El foro nacional ‘Palabra Mayor en el Corazón del Mundo: 500 años de Re-existencia’ consolidó a la Universidad del Magdalena como escenario de encuentro intercultural, donde la academia y los pueblos indígenas dialogan para construir nuevos sentidos de memoria, territorio y transformación social.
La conmemoración de los 500 años de Santa Marta se convirtió en un punto de inflexión para replantear la relación entre la academia y los pueblos ancestrales, a partir de una conversación profunda, crítica y necesaria sobre la historia, el presente y el futuro del territorio.
En este contexto, la Universidad del Magdalena abrió sus puertas para propiciar un diálogo que trasciende lo académico y se instala en la construcción colectiva de país desde la diversidad cultural.
En alianza con el Ministerio de las Culturas, las Artes y los Saberes, la Universidad del Magdalena llevó a cabo el foro nacional ‘Palabra Mayor en el Corazón del Mundo: 500 años de Re-existencia’, un encuentro intercultural que reunió a representantes de los siete pueblos indígenas de la Sierra Nevada de Santa Marta y de distintas regiones del país, reafirmando su compromiso con una educación que reconoce y dignifica los saberes ancestrales.
Este espacio, organizado por el Centro de Interculturalidad, Territorio y Sostenibilidad, se desarrolló como una apuesta estratégica de esta Casa de Estudios Superiores, alineada con el Plan de Desarrollo Universitario liderado por el rector Pablo Vera Salazar que promueve una universidad abierta al territorio, al diálogo intercultural y a la transformación social desde la inclusión.
Una mirada crítica a la academia y la herencia colonial
Durante el evento el rector Pablo Vera Salazar invitó a una reflexión profunda sobre el papel histórico de las universidades frente a los pueblos ancestrales, llamando a reconocer de manera real y efectiva su lugar en la construcción del conocimiento.
“Estos 500 años deberían ser el momento para reconocer y dar el lugar que se merecen nuestros pueblos ancestrales.

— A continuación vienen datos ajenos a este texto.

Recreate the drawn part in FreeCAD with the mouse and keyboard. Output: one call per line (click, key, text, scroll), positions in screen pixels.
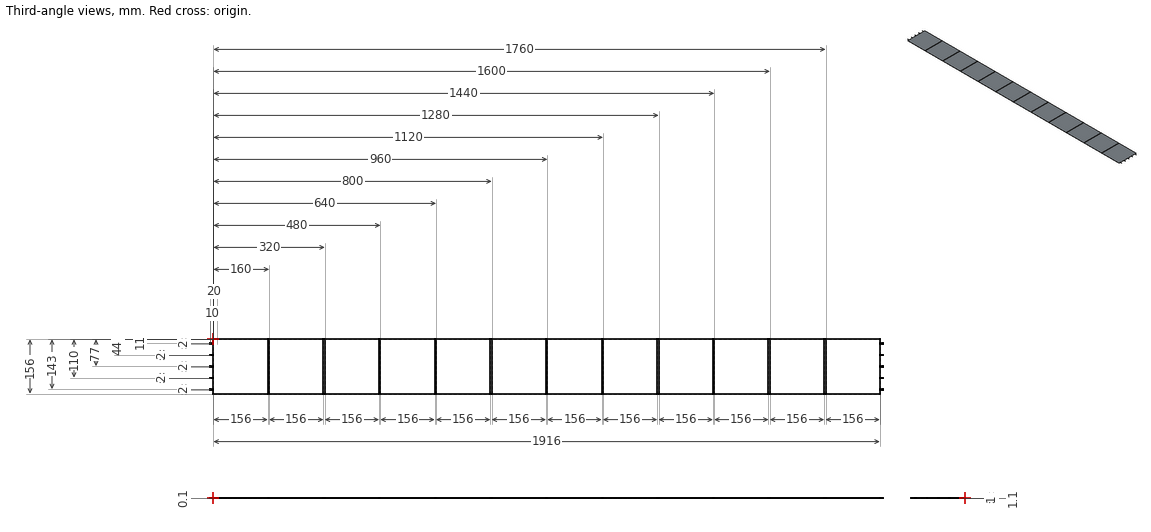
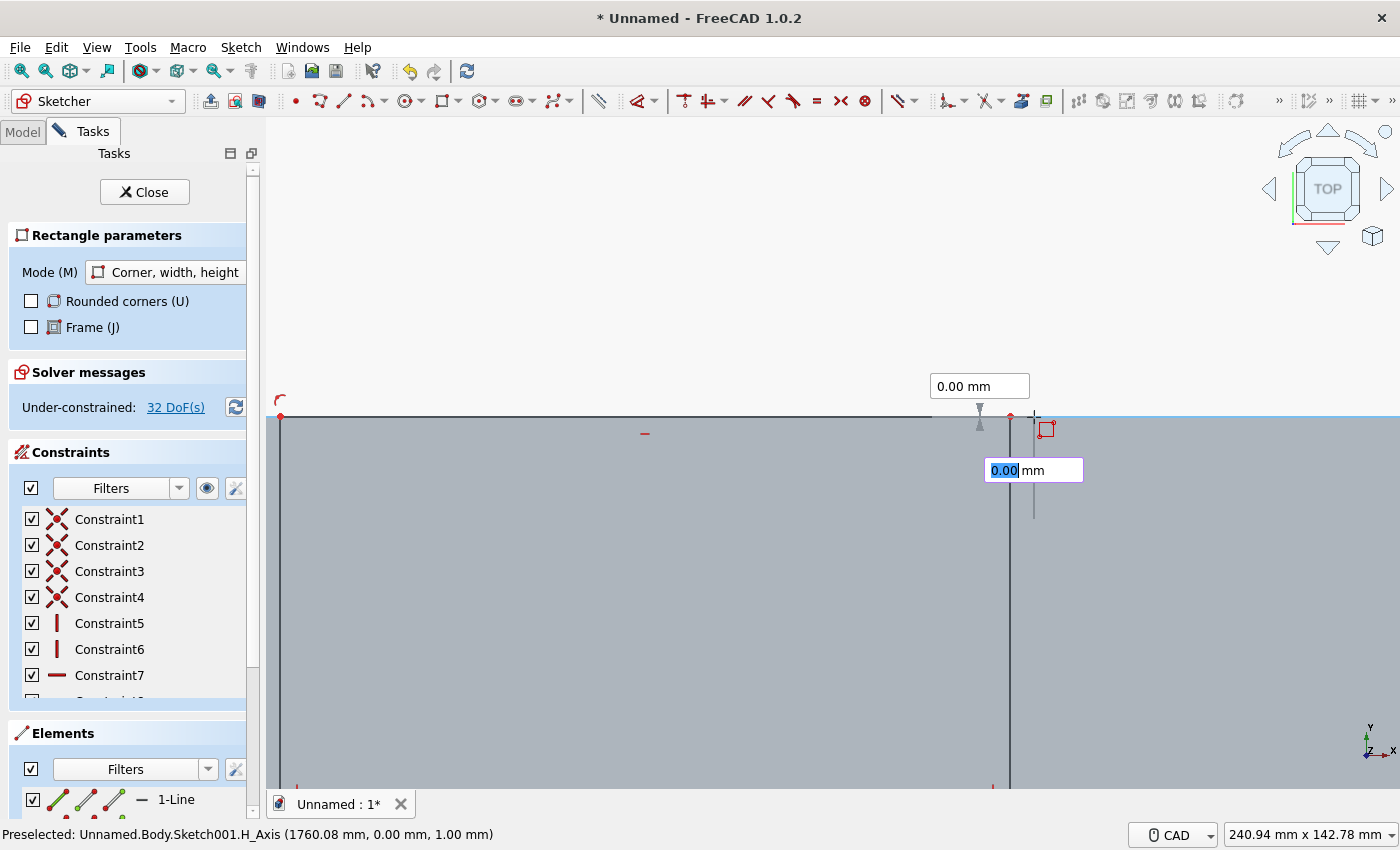
scroll(1046, 426, down, 13)

Eliminar de una vez cierta soberbia académica, intelectual y herencia colonial que tiene la universidad. No sólo la del Magdalena, sino en general la universidad latinoamericana”, expresó el Máximo Directivo.
En coherencia con esta visión, la Universidad del Magdalena ha impulsado escenarios concretos de reconocimiento intercultural, como la construcción del aula intercultural y sostenible Kankurwa, edificada por los ingenieros ancestrales de Kantasama, convirtiéndose en el primer espacio sagrado cimentado fuera del territorio ancestral, en la ciudad de Santa Marta.